Police have warned that criminals often use a ‘front couple’ to visit a property. After they have taken possession of the property, they will disappear without a trace, to be replaced by the criminals, who will then convert the property into a cannabis factory.

This is why it is really important to visit regularly and ensure that the person you rented to is actually the person occupying the property.

Even if the tenant is genuine, remember that many criminals will go to great lengths to portray themselves as an ideal tenant in order to find the perfect property.

So, even if you think you have found a great tenant, it is still important to carry out regular visits to the property.
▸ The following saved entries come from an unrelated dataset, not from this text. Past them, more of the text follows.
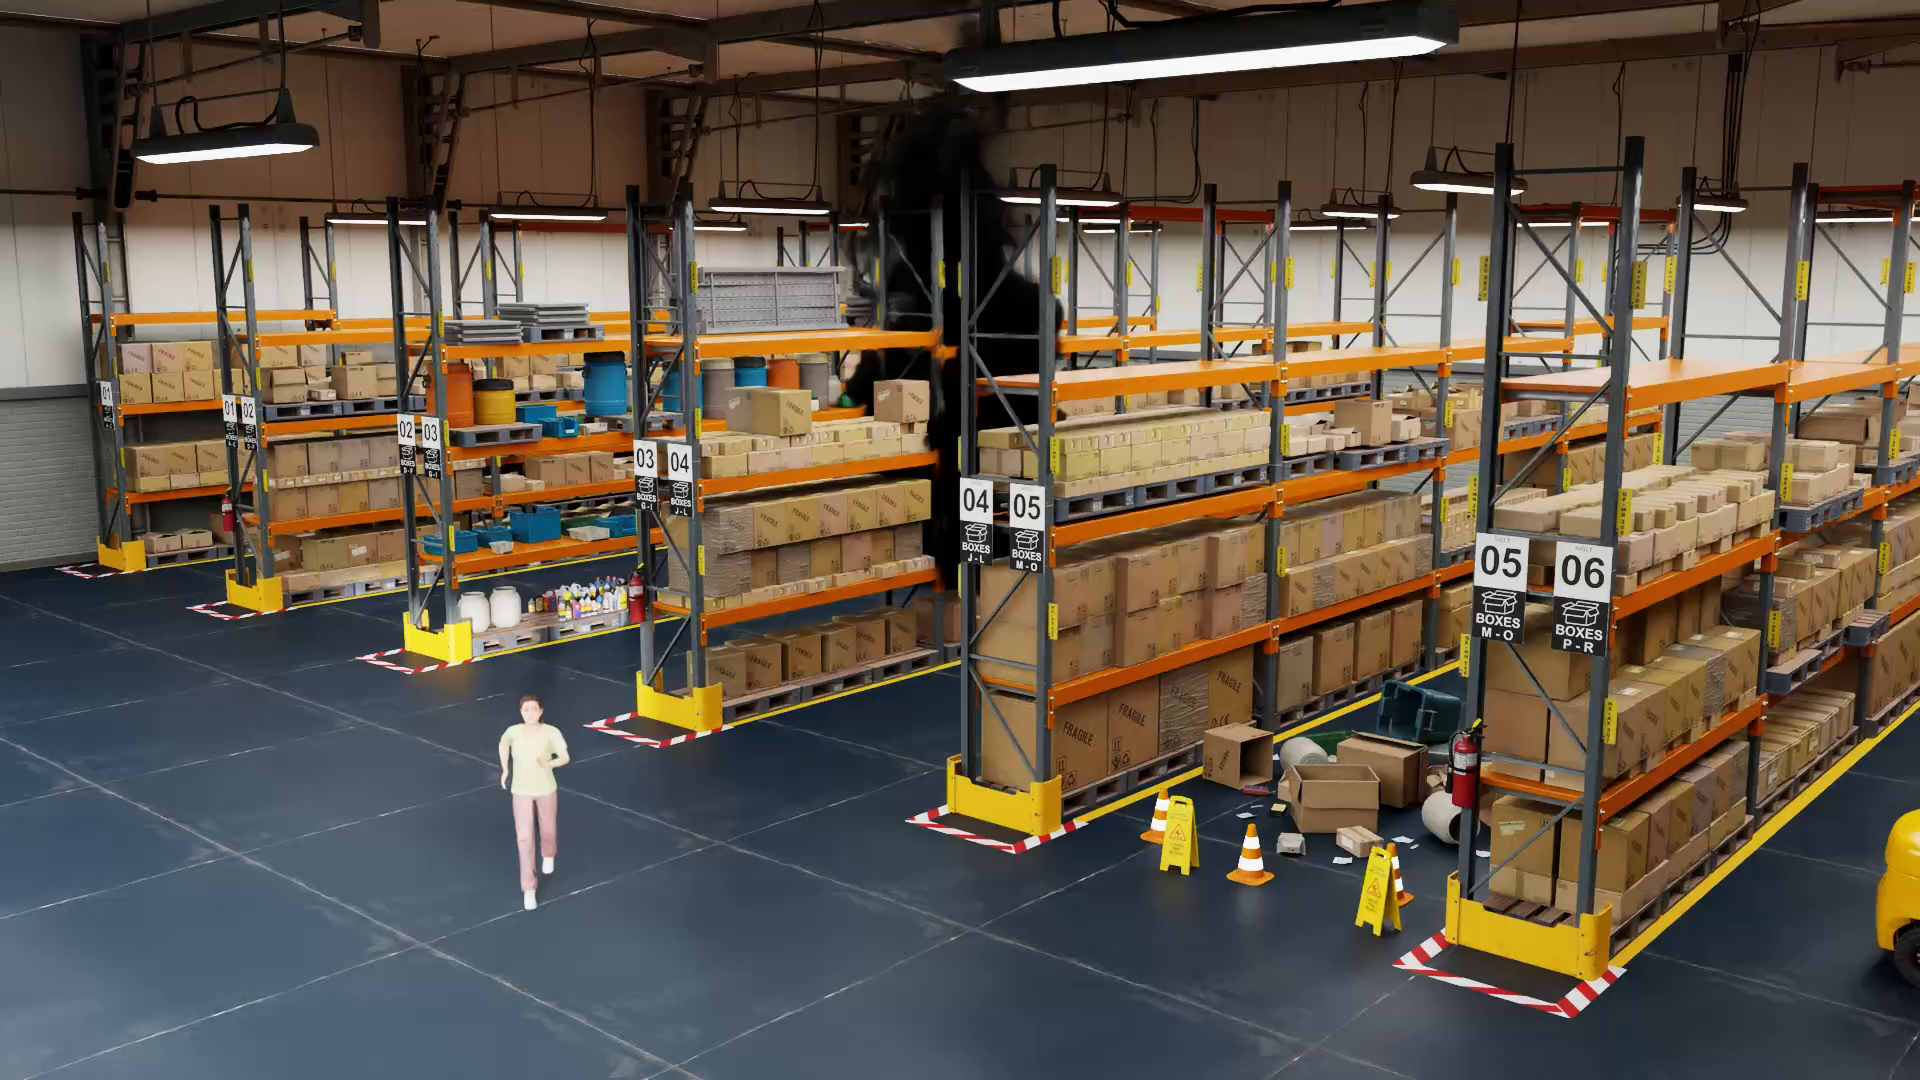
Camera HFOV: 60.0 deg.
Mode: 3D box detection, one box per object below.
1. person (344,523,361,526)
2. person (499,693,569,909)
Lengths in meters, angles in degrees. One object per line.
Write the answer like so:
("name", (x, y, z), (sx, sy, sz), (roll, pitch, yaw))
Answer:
("person", (-10.200, -0.236, 27.892), (0.553, 1.584, 0.723), (7, 12, 34))
("person", (-3.488, 2.073, 13.650), (0.573, 1.659, 0.964), (-2, 10, -11))
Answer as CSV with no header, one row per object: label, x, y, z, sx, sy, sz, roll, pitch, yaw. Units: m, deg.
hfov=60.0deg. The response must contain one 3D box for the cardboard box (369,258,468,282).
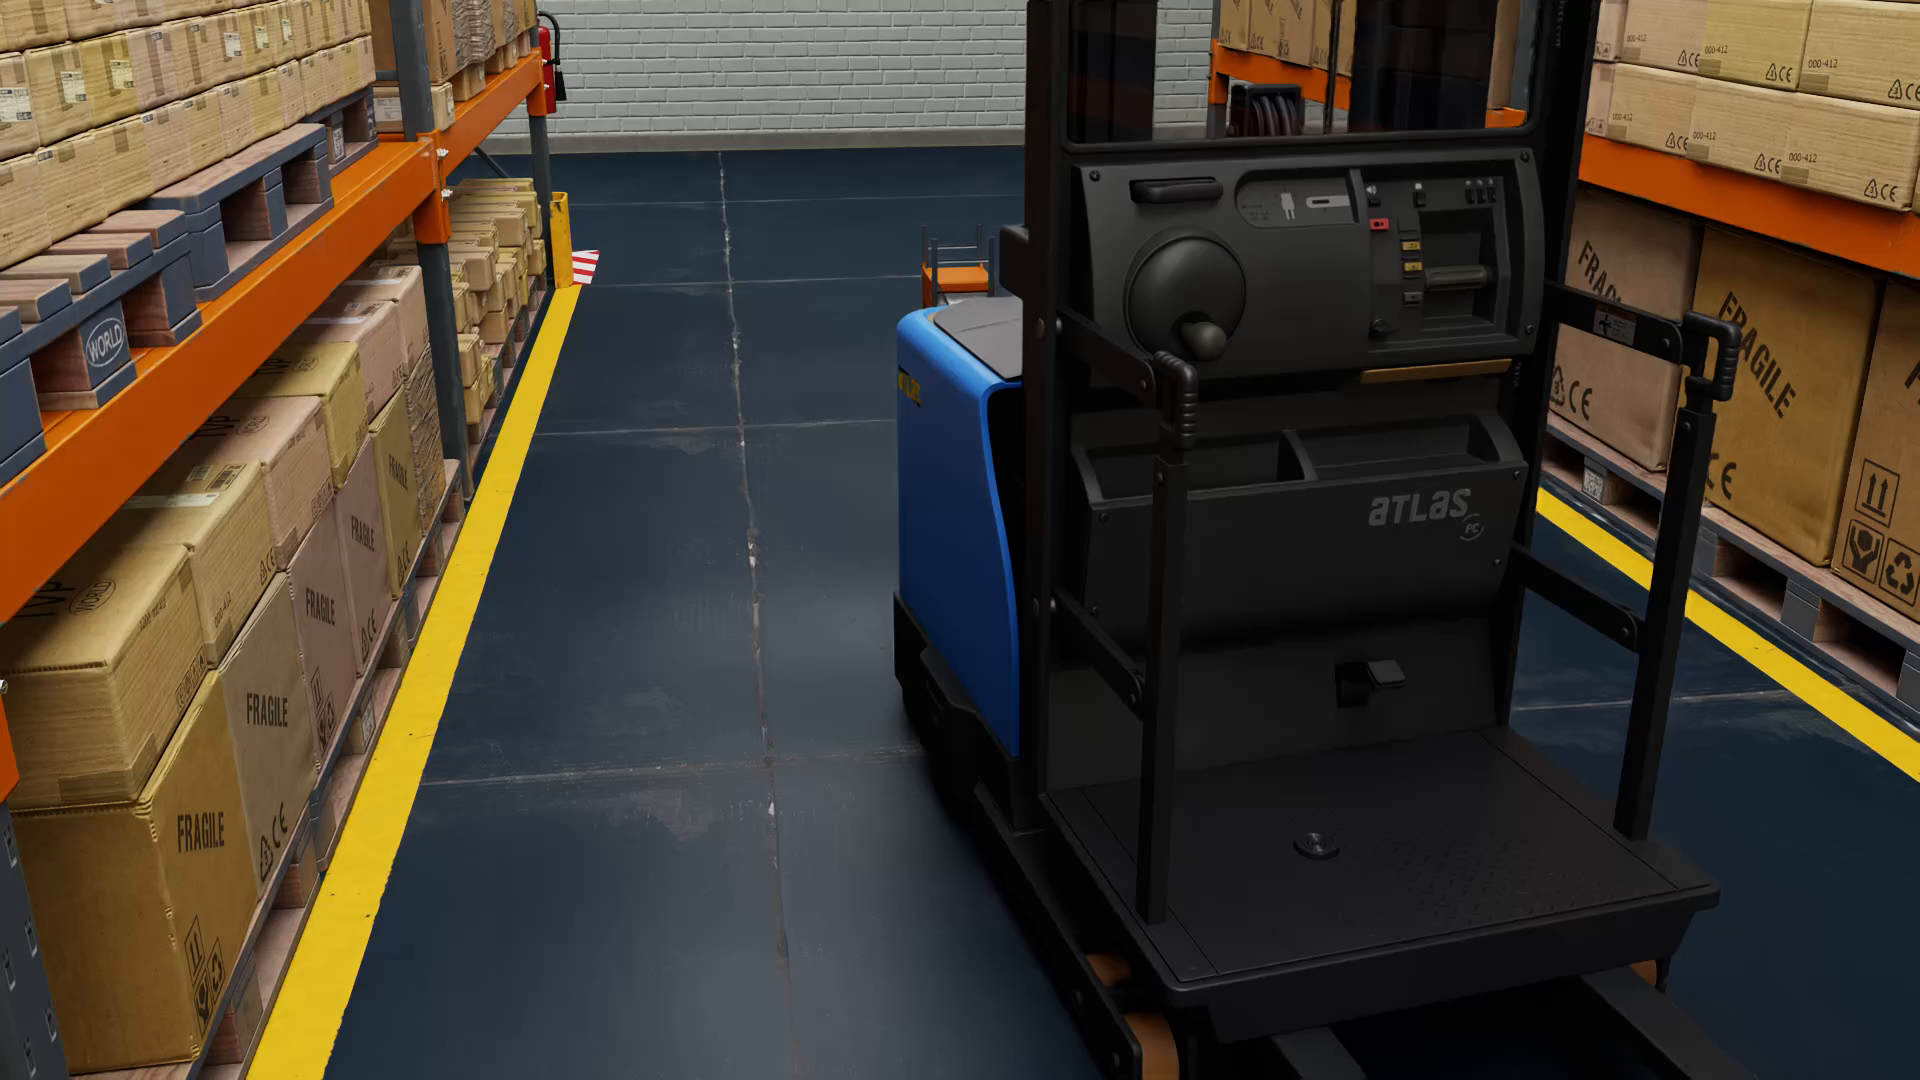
cardboard box,-2.260,-1.074,6.929,0.380,0.149,0.250,-3,21,-9

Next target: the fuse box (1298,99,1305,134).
fuse box,3.282,-4.605,15.599,0.539,1.711,0.414,-3,21,-8

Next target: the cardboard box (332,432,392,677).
cardboard box,-1.790,0.041,4.291,0.500,0.500,0.500,-3,21,-9

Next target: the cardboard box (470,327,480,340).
cardboard box,-2.236,-0.796,7.036,0.380,0.149,0.250,-3,21,-9

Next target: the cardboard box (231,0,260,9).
cardboard box,-1.851,-1.309,3.843,0.380,0.149,0.250,-4,21,-10

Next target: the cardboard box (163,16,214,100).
cardboard box,-1.771,-0.989,3.410,0.380,0.149,0.250,-3,21,-8

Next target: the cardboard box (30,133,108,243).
cardboard box,-1.655,-0.577,2.734,0.380,0.149,0.250,-2,21,-5

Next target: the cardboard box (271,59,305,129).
cardboard box,-1.883,-1.124,4.198,0.380,0.149,0.250,-4,21,-10

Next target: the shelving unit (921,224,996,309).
shelving unit,-0.008,-0.510,5.582,0.215,1.050,0.252,-3,21,-8

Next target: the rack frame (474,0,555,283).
rack frame,-2.866,-2.917,9.239,1.000,3.000,0.127,-3,21,-8

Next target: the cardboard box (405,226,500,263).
cardboard box,-2.334,-1.344,7.651,0.380,0.149,0.250,-3,21,-7

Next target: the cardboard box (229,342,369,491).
cardboard box,-1.781,-0.303,4.141,0.500,0.250,0.500,-4,21,-10

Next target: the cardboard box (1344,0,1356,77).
cardboard box,2.108,-2.362,7.611,0.500,0.500,0.500,-3,21,-9

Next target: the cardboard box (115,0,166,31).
cardboard box,-1.739,-1.038,3.117,0.380,0.149,0.250,-2,21,-5

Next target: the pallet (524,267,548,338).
pallet,-2.773,-1.301,8.898,1.003,0.211,1.213,-3,21,-8

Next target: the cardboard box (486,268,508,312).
cardboard box,-2.247,-1.120,7.478,0.380,0.149,0.250,-3,21,-8

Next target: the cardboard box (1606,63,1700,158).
cardboard box,2.473,-1.402,5.396,0.500,0.250,0.500,-3,21,-9

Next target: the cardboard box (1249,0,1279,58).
cardboard box,1.903,-2.894,9.034,0.500,0.500,0.500,-3,21,-9

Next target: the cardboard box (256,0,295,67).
cardboard box,-1.885,-1.261,4.138,0.380,0.149,0.250,-4,21,-11

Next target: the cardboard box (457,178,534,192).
cardboard box,-2.539,-1.886,9.103,0.380,0.149,0.250,-3,21,-7

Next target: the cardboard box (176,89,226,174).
cardboard box,-1.771,-0.850,3.464,0.380,0.149,0.250,-3,21,-7

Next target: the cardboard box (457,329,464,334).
cardboard box,-2.150,-0.757,6.506,0.380,0.149,0.250,-3,21,-7

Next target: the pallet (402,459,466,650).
pallet,-2.176,0.044,5.297,1.003,0.211,1.213,-3,21,-8

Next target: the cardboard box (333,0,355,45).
cardboard box,-1.998,-1.531,4.863,0.380,0.149,0.250,-3,21,-7

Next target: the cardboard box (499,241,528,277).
cardboard box,-2.343,-1.391,8.201,0.380,0.149,0.250,-3,21,-7

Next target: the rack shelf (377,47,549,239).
rack shelf,-2.578,-1.887,7.511,1.077,0.370,4.000,-3,21,-8

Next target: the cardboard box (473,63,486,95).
cardboard box,-2.244,-1.982,7.096,0.380,0.149,0.250,-2,21,-5

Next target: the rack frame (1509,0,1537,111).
rack frame,2.594,-1.817,6.293,1.000,3.000,0.127,-3,21,-8

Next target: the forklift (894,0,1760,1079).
forklift,0.731,-0.513,2.900,1.130,2.935,3.031,-6,21,-15

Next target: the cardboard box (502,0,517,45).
cardboard box,-2.395,-2.607,7.841,0.500,0.500,0.500,-3,21,-8

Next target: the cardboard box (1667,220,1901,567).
cardboard box,2.901,-0.495,5.191,0.875,0.875,0.875,-2,21,-6

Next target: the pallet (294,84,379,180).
pallet,-2.323,-1.170,4.836,1.003,0.211,1.213,-3,21,-8

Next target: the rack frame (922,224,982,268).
rack frame,-0.025,-0.553,5.695,0.200,1.050,0.008,-3,21,-8

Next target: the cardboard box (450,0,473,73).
cardboard box,-2.190,-2.073,6.412,0.500,0.500,0.500,-3,21,-8

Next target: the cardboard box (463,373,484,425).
cardboard box,-2.024,-0.535,6.337,0.380,0.149,0.250,-4,21,-10

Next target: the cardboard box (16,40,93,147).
cardboard box,-1.667,-0.729,2.714,0.380,0.149,0.250,-4,21,-9

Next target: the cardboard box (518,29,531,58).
cardboard box,-2.539,-2.701,9.019,0.380,0.149,0.250,-3,21,-8

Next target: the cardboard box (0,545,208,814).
cardboard box,-1.573,0.225,2.727,0.500,0.250,0.500,-4,21,-10

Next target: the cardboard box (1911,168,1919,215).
cardboard box,2.695,-0.875,3.985,0.500,0.250,0.500,-3,21,-8

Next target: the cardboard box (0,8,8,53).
cardboard box,-1.629,-0.767,2.392,0.380,0.149,0.250,-3,21,-9

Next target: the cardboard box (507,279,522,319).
cardboard box,-2.327,-1.161,8.012,0.380,0.149,0.250,-3,21,-7

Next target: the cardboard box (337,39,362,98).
cardboard box,-1.998,-1.394,4.919,0.380,0.149,0.250,-3,21,-7

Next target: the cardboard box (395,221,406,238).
cardboard box,-2.910,-1.497,8.061,0.380,0.149,0.250,-2,21,-6

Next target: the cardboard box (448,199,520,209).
cardboard box,-2.422,-1.620,8.391,0.380,0.149,0.250,-4,21,-10

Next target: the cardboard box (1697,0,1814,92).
cardboard box,2.528,-1.459,4.835,0.500,0.250,0.500,-3,21,-7

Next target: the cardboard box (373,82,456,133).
cardboard box,-2.006,-1.529,5.881,0.380,0.149,0.250,-2,21,-6

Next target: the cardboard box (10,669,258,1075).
cardboard box,-1.562,0.569,2.877,0.500,0.500,0.500,-4,21,-10

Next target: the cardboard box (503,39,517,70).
cardboard box,-2.430,-2.439,8.319,0.380,0.149,0.250,-2,21,-6
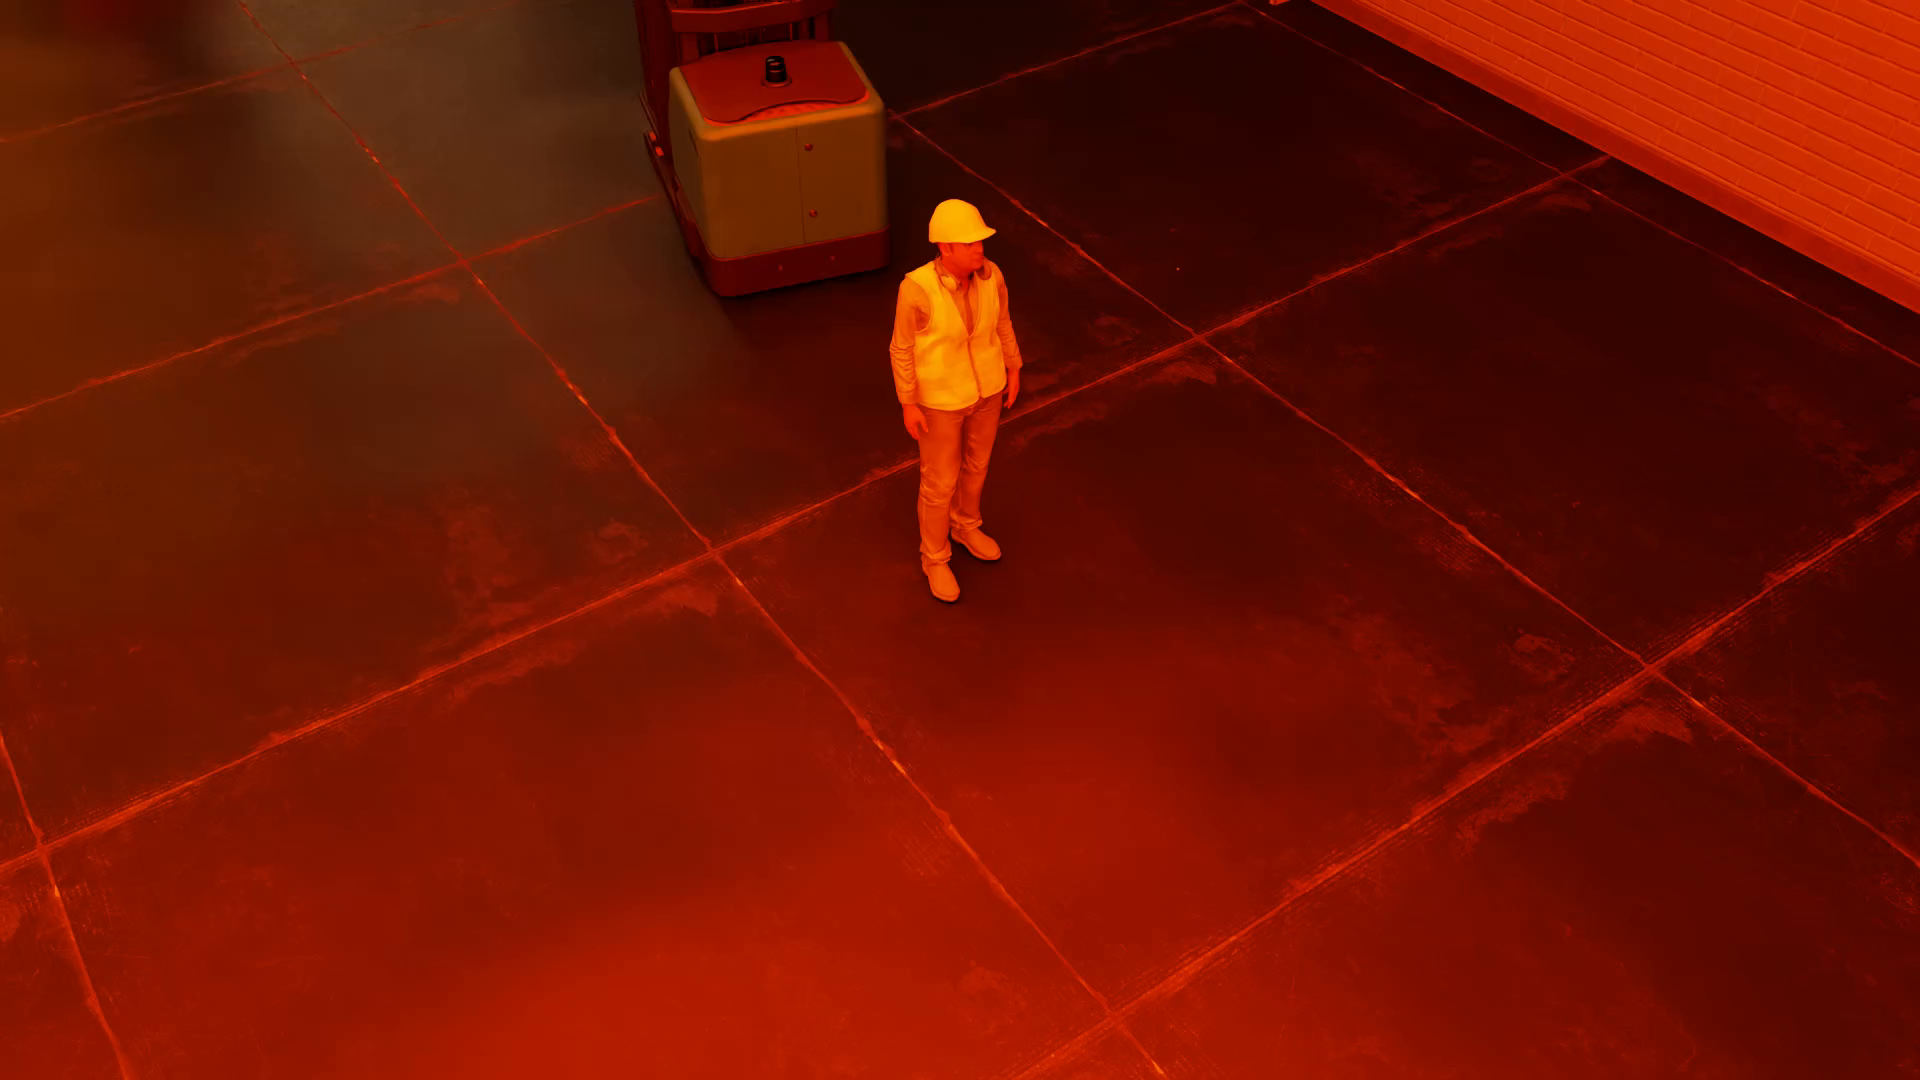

3. Carry out thorough checks

“Unfortunately, criminals are very good at coming up with false papers, so you need to make sure the referencing is really thorough. Bank statements, driving licences and utility bills all need to match up, too.”

– Paul Shamplina, Hamilton Fraser brand ambassador and founder of Landlord Action

It is vital that landlords and letting agents carry out thorough due diligence to confirm that tenants are who they say they are and that they are traceable.

Paul Shamplina, Hamilton Fraser brand ambassador and founder of Landlord Action, says: “Landlords are understandably keen to get a tenant into their property, but it’s a false economy to skimp on referencing as the costs in terms of repairs and lost rent can run into hundreds of thousands of pounds.”

Paul advises landlords to be wary of prospective tenants who offer to pay several months’ rent in advance, want to keep utility bills in the landlord’s name and ask for complete privacy (no inspections).